# YOUR INSTRUCTIONS:
For this exercise, return the line containing "And now the shelving" and every line after it through the end of the records below, without alteration.
§
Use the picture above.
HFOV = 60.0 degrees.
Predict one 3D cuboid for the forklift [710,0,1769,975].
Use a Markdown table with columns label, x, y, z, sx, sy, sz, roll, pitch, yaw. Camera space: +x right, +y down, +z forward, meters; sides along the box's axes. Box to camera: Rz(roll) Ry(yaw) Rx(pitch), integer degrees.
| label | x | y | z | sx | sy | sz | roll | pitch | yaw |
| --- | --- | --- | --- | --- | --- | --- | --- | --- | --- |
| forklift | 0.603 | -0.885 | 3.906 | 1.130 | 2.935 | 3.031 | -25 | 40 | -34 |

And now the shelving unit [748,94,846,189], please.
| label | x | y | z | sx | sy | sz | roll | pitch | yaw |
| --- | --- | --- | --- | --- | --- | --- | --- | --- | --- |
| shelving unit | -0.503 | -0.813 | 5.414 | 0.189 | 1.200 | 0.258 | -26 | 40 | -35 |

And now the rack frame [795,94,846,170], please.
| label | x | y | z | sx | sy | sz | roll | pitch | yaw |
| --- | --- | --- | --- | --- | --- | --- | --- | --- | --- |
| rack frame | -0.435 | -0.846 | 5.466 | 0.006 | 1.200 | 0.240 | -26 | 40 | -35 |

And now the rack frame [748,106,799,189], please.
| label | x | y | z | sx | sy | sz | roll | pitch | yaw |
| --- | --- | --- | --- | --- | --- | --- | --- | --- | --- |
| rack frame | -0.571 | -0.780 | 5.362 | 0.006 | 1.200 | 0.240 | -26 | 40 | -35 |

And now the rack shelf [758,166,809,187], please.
§
# TASK RESULT:
And now the shelving unit [748,94,846,189], please.
| label | x | y | z | sx | sy | sz | roll | pitch | yaw |
| --- | --- | --- | --- | --- | --- | --- | --- | --- | --- |
| shelving unit | -0.503 | -0.813 | 5.414 | 0.189 | 1.200 | 0.258 | -26 | 40 | -35 |

And now the rack frame [795,94,846,170], please.
| label | x | y | z | sx | sy | sz | roll | pitch | yaw |
| --- | --- | --- | --- | --- | --- | --- | --- | --- | --- |
| rack frame | -0.435 | -0.846 | 5.466 | 0.006 | 1.200 | 0.240 | -26 | 40 | -35 |

And now the rack frame [748,106,799,189], please.
| label | x | y | z | sx | sy | sz | roll | pitch | yaw |
| --- | --- | --- | --- | --- | --- | --- | --- | --- | --- |
| rack frame | -0.571 | -0.780 | 5.362 | 0.006 | 1.200 | 0.240 | -26 | 40 | -35 |

And now the rack shelf [758,166,809,187], please.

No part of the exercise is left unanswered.